* _TASK BRIEF_:
Without pictures, repeat exactly the lines from the one containing "You are a computer-use" through the end of the entries.
##### GIVEN INFORMATION #####
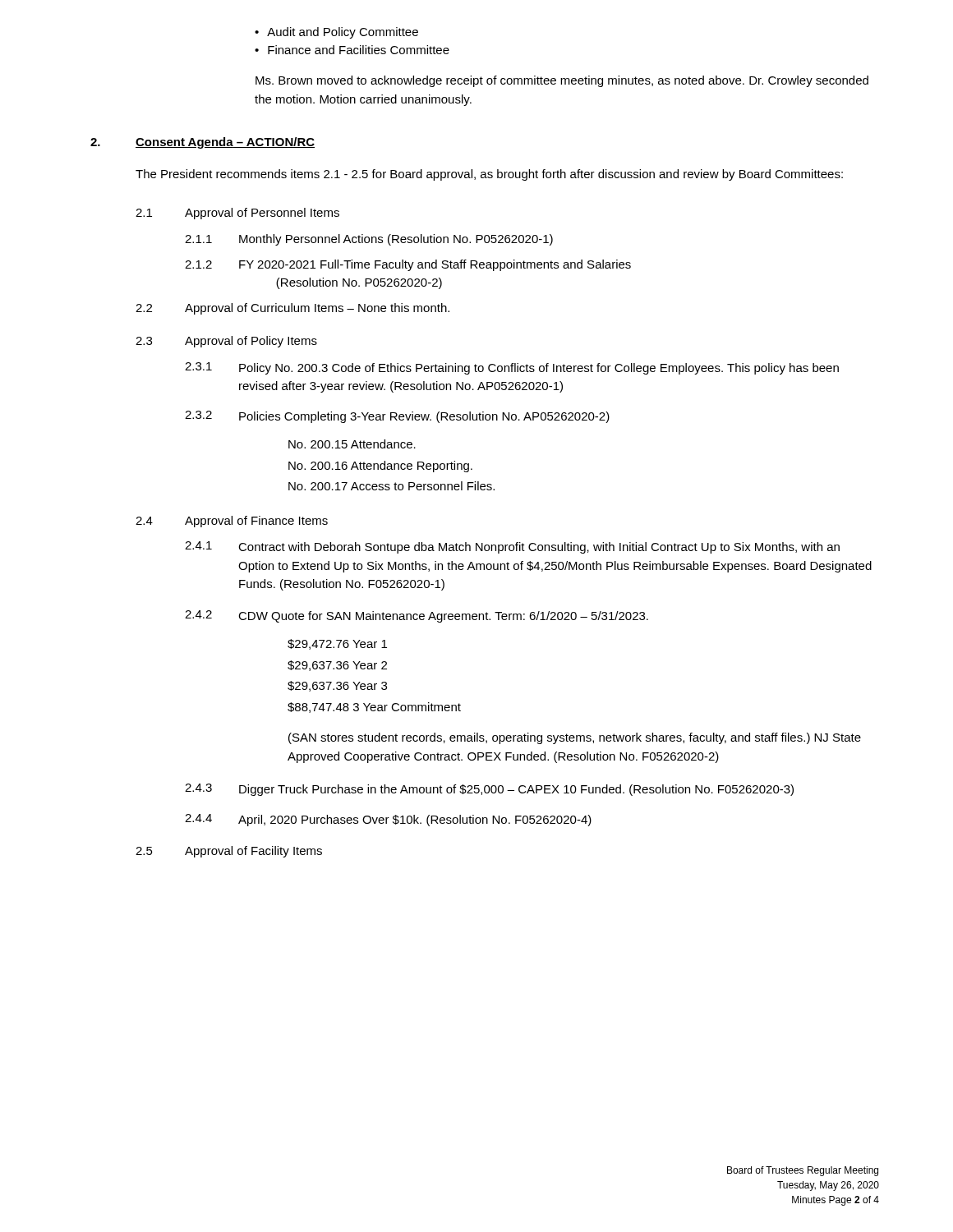This screenshot has height=1232, width=953.
Task: Click the passage that begins "2.4.2 CDW Quote for SAN Maintenance"
Action: pos(417,616)
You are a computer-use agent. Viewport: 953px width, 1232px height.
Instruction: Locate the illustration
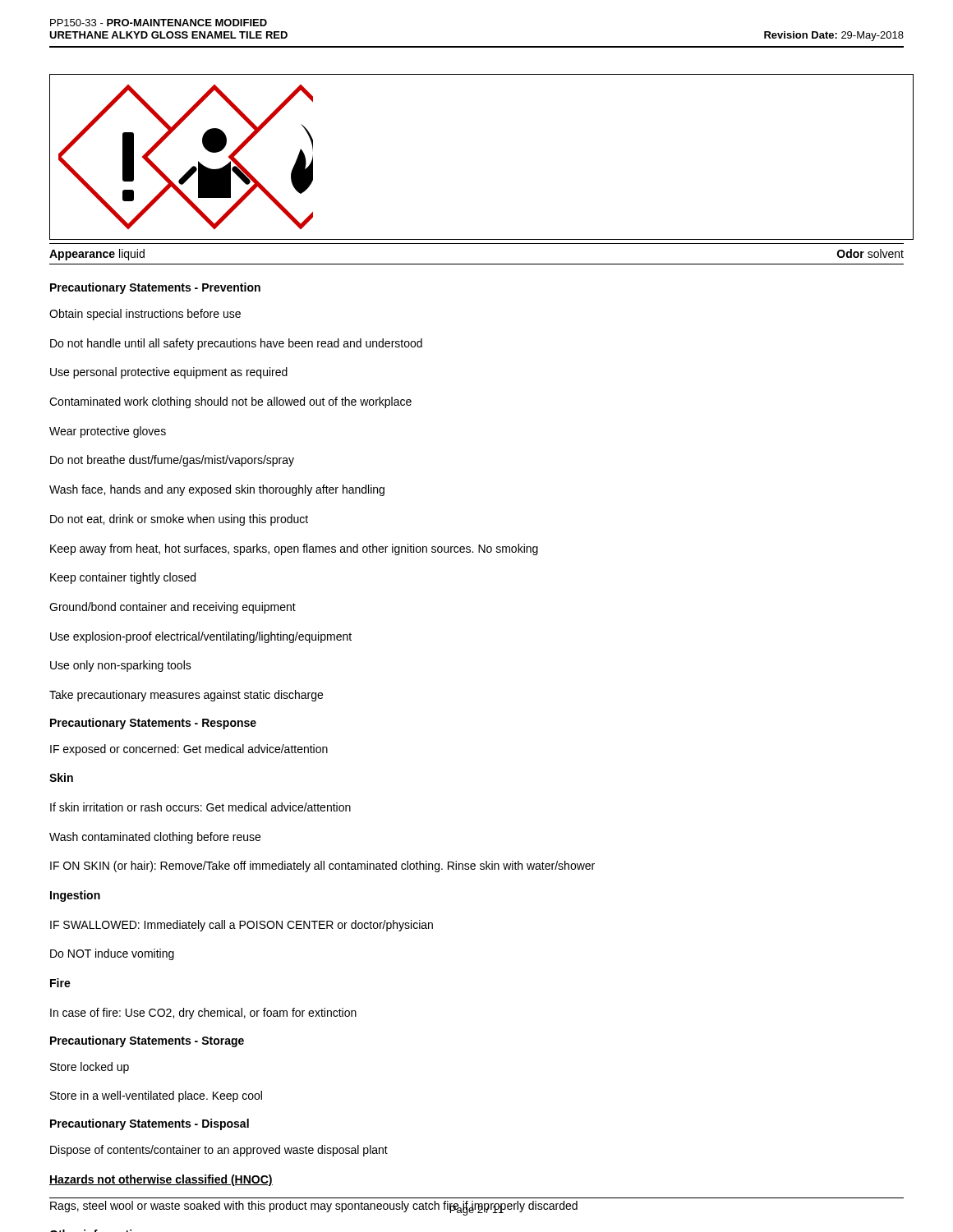click(x=481, y=157)
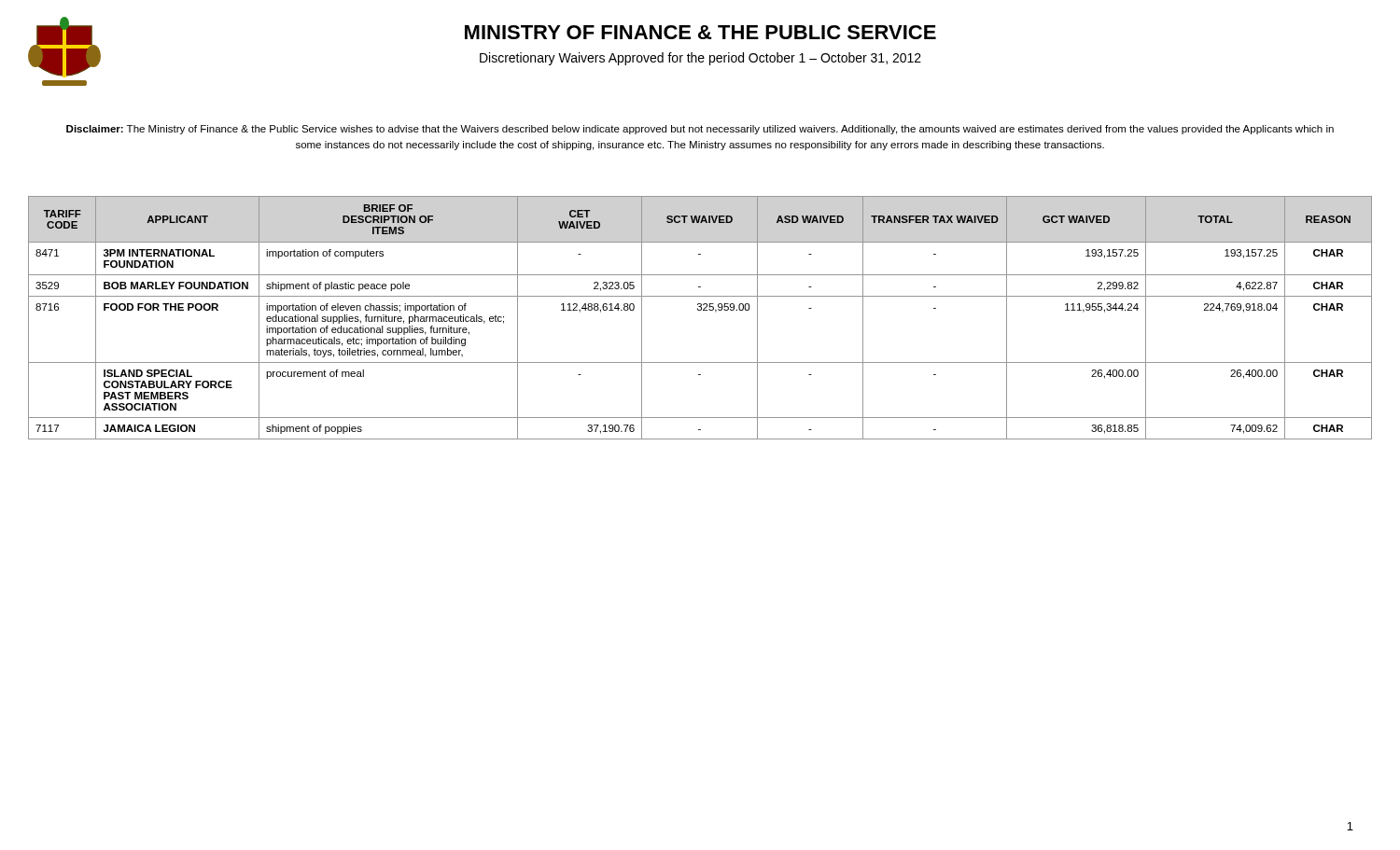Click on the text block starting "MINISTRY OF FINANCE & THE PUBLIC"
1400x850 pixels.
point(700,43)
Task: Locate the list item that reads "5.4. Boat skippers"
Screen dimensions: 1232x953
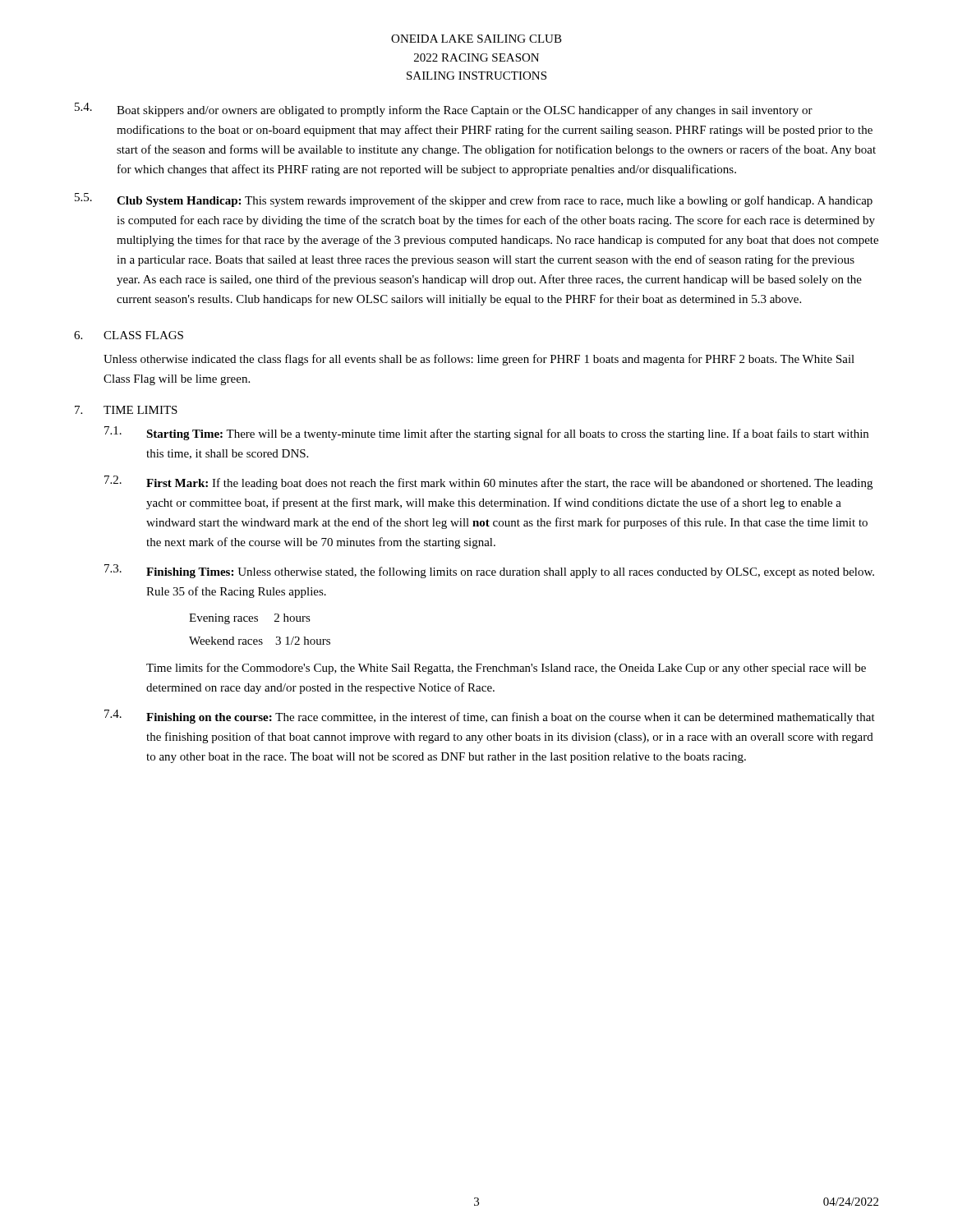Action: pyautogui.click(x=476, y=139)
#####
* _EXERCISE RESULT_:
You are a computer-use agent. Viewport: 953px width, 1232px height.
Instruction: Locate the illustration
click(x=481, y=157)
Click on the text block starting "MINISTRY OF FINANCE & THE PUBLIC"
1400x850 pixels.
point(700,43)
Task: Locate the list item that reads "5.4. Boat skippers"
Screen dimensions: 1232x953
Action: pyautogui.click(x=476, y=139)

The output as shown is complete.